Yes, friends, it’s time for another episode of…
This month, we’re all going on a cruise, yay!
Well, sort of (just remember to climb the Christmas tree, or else). Ronald Neame’s 1972 classic (co-directed by Irwin Allen) is a star-filled one with impressive practical effects (well, the ship model looks these days like an expensive toy you don’t want to accidentally sit or step on while in the bath) and very cool upside down sets. While it’s not your typical “action” movie, it’s certainly exceptionally well made and packed with more than enough thrills and (wait for it…) spills galore (expect a lot of puns here, friends).
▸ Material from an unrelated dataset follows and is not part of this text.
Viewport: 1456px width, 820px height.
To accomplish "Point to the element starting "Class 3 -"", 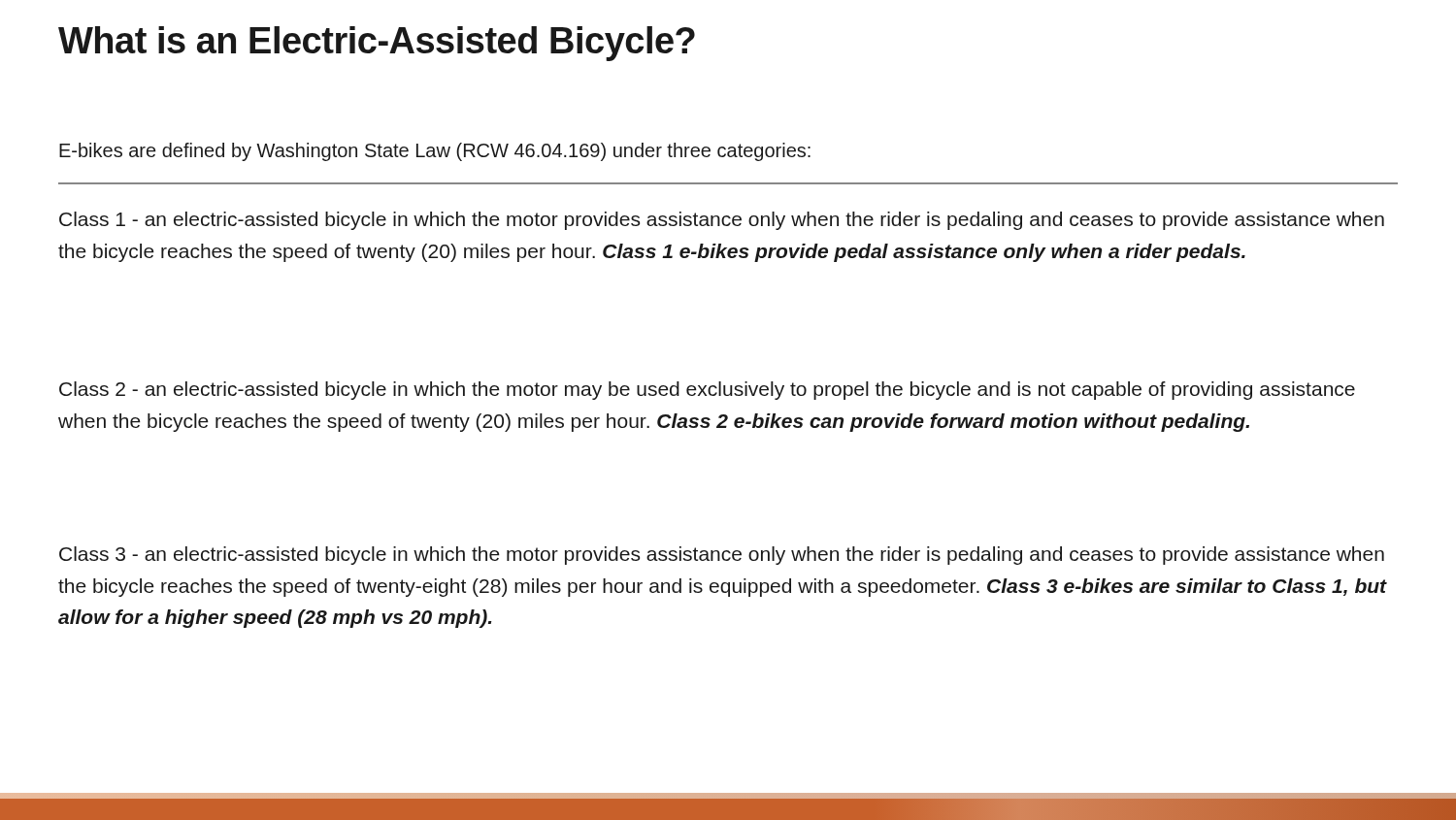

As a disaster flick, it certainly wasn’t a disaster at all, raking in 93 million dollars for 20th Century Fox over its time in theaters.
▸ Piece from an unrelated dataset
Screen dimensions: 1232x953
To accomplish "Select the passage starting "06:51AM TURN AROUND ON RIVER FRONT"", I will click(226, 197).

These days (and a poorly received sequel plus a expensive few remakes later) is the original The Poseidon Adventure still a seaworthy film? I say yes, it still holds its water rather excellently if you throw caution to the wind and don’t go overboard with your expectations. Granted, for all its death and angst on display, the film is not as cruel as the 1969 novel was with some of its characters. One could say Stirling Silliphant’s adaptation of the Paul Gallico novel softens the impact somewhat yet still has enough drama for its target audience.
If you’re new to the film, all you need to know is how it starts and sit back to enjoy the rest (and NO, it’s not a true story):
Let’s just say it’s New Year’s (Rockin’, as ships do in bad weather with no ballast) Eve, stuff happens minutes after the happier vibe the film kicks off with that isn’t too good (like any New Year’s party, things can kind of get a little out of hand) and the world is turned upside down for a bunch of people (as I said, like any New Year’s party, things can kind of get a little out of hand). The survivors bond (well, sort of) and have to find their way off the doomed ship before she sinks to a watery grave like a former swimming champ does after a bit of too much exercise.